• [PROBLEM TO SOLVE]:
Retype only the lines at the head of the records, first through the one with "msp = doc.modelspace()", exactly as written.

Records from a dataset:
= = =
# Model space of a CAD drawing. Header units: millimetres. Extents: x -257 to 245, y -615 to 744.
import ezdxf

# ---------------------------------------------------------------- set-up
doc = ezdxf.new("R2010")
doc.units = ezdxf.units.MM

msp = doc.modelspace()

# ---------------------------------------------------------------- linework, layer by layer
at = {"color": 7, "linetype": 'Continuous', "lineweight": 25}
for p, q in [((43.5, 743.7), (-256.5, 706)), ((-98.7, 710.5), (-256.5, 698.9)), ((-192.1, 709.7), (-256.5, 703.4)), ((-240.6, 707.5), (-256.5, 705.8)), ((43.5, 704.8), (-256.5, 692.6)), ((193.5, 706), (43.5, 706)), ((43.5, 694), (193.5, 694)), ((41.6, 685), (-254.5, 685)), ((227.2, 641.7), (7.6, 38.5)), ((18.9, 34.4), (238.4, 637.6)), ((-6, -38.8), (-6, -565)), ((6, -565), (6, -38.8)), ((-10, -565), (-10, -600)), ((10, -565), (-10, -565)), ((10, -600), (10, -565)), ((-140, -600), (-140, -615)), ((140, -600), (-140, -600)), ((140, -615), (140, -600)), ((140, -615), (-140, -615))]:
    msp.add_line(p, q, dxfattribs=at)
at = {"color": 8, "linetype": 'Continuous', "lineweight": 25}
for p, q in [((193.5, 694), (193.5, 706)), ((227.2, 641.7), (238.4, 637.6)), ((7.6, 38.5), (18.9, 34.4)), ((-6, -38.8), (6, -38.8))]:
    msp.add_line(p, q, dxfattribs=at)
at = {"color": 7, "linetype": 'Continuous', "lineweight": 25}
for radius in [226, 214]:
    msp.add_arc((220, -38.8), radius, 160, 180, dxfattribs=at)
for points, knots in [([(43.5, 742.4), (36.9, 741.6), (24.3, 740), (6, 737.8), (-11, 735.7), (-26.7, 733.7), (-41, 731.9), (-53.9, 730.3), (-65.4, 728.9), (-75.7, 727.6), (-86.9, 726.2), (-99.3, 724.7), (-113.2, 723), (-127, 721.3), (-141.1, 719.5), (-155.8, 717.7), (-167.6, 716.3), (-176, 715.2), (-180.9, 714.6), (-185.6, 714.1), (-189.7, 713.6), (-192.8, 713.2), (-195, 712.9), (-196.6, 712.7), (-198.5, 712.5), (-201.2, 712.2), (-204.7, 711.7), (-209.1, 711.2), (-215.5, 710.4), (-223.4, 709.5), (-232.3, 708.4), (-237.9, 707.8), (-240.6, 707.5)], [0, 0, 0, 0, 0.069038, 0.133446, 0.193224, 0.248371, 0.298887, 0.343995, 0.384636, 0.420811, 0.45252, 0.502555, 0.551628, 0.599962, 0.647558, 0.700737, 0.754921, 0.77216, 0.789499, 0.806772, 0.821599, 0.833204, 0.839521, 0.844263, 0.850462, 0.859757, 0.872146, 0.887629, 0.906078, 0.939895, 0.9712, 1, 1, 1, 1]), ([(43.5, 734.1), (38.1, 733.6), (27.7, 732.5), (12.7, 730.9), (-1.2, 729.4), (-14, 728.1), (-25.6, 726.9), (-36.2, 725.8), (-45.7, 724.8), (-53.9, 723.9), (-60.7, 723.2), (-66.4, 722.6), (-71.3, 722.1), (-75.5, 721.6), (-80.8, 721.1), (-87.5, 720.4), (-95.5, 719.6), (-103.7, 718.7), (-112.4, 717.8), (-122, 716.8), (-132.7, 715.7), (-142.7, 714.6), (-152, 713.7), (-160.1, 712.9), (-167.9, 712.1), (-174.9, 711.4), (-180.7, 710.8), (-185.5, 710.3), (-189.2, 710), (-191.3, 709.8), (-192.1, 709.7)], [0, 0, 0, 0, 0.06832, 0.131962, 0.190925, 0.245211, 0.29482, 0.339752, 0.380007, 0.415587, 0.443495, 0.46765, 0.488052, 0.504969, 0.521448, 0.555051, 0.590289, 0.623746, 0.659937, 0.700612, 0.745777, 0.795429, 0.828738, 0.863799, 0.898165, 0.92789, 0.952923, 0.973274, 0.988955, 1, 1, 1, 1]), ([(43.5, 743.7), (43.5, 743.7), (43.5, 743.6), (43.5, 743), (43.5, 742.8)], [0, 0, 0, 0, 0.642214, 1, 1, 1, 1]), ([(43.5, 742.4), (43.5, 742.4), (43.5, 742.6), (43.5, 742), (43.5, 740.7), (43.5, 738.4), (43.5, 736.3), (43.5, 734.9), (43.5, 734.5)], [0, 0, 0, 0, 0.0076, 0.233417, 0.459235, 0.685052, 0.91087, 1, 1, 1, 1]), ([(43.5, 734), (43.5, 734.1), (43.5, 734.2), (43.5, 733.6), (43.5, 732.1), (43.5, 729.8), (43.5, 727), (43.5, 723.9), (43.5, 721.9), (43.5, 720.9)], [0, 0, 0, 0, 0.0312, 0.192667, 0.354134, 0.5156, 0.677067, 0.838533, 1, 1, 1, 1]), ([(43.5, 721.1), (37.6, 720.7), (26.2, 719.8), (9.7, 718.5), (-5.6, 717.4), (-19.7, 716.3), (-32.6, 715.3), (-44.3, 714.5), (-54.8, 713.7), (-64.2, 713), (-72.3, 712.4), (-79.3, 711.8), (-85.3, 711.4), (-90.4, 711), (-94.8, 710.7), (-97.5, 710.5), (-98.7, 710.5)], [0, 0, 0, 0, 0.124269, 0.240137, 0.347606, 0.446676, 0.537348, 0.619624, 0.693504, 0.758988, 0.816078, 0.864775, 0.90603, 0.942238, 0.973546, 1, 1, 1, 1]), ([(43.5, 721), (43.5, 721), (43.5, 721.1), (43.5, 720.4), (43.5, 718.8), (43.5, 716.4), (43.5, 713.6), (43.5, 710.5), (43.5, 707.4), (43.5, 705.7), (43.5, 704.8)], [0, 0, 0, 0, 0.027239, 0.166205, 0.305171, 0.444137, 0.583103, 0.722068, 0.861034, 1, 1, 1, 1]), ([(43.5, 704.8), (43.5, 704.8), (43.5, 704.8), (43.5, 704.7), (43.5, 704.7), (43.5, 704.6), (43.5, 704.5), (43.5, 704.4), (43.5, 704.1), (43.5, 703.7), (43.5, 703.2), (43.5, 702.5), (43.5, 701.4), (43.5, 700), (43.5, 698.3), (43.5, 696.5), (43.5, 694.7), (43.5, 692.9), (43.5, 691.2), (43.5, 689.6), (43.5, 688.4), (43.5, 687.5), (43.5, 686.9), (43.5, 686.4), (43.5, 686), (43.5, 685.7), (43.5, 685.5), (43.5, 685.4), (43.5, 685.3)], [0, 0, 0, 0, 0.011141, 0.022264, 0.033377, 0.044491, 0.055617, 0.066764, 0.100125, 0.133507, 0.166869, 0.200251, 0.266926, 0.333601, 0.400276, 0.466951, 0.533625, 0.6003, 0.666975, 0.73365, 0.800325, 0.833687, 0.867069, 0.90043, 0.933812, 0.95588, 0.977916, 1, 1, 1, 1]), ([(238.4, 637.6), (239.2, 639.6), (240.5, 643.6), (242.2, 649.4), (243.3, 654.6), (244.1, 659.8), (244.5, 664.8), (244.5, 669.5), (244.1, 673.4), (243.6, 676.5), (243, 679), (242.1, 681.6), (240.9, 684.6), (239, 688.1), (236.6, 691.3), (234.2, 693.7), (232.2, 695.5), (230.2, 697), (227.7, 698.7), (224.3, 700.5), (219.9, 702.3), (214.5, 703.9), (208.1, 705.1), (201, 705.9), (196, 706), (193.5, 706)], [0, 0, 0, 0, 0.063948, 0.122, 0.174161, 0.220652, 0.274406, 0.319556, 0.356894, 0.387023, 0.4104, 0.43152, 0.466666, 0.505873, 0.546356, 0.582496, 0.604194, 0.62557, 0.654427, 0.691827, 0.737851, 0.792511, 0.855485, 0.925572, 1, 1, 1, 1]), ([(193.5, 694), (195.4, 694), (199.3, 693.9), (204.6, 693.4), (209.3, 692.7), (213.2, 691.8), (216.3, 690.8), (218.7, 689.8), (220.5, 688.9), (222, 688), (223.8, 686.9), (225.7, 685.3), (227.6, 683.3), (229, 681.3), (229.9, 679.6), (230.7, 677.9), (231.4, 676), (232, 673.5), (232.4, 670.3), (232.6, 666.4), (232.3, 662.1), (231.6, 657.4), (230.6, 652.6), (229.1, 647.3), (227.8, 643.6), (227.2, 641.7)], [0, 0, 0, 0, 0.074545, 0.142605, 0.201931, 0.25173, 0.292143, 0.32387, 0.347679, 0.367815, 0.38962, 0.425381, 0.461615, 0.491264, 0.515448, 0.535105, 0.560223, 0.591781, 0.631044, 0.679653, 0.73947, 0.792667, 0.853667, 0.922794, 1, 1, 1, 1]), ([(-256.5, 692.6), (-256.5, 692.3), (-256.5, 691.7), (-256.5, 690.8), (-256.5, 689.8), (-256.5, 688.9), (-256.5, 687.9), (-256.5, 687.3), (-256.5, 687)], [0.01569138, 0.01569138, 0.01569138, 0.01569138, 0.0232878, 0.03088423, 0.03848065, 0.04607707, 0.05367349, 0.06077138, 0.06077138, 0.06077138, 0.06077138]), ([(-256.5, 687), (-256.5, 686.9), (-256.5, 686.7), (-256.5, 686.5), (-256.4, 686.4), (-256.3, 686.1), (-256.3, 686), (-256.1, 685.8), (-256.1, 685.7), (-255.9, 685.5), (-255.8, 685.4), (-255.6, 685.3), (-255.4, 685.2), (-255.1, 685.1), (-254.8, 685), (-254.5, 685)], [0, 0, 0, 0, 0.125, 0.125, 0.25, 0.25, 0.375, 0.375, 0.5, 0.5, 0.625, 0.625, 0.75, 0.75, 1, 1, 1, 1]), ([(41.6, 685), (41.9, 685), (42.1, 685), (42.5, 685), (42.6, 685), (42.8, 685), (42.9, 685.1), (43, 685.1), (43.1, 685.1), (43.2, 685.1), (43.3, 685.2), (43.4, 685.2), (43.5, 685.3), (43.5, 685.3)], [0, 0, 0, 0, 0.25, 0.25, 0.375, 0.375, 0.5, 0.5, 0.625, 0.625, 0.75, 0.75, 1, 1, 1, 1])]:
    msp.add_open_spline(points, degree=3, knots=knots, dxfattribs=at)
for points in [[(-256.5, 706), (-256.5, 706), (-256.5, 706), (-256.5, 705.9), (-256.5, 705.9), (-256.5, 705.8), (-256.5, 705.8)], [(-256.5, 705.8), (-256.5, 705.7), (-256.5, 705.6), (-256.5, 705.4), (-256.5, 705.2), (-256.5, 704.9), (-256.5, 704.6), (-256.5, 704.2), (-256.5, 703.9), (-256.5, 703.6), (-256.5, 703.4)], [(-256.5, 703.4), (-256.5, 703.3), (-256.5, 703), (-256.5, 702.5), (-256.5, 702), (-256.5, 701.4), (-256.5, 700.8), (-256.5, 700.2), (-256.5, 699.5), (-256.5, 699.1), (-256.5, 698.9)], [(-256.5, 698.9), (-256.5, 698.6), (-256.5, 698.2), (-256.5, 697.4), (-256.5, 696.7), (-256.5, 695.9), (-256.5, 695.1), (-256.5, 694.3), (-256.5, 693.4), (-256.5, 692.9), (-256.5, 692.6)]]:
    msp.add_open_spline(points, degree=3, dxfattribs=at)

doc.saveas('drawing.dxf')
= = =
• [PROBLEM SOLUTION]:
# Model space of a CAD drawing. Header units: millimetres. Extents: x -257 to 245, y -615 to 744.
import ezdxf

# ---------------------------------------------------------------- set-up
doc = ezdxf.new("R2010")
doc.units = ezdxf.units.MM

msp = doc.modelspace()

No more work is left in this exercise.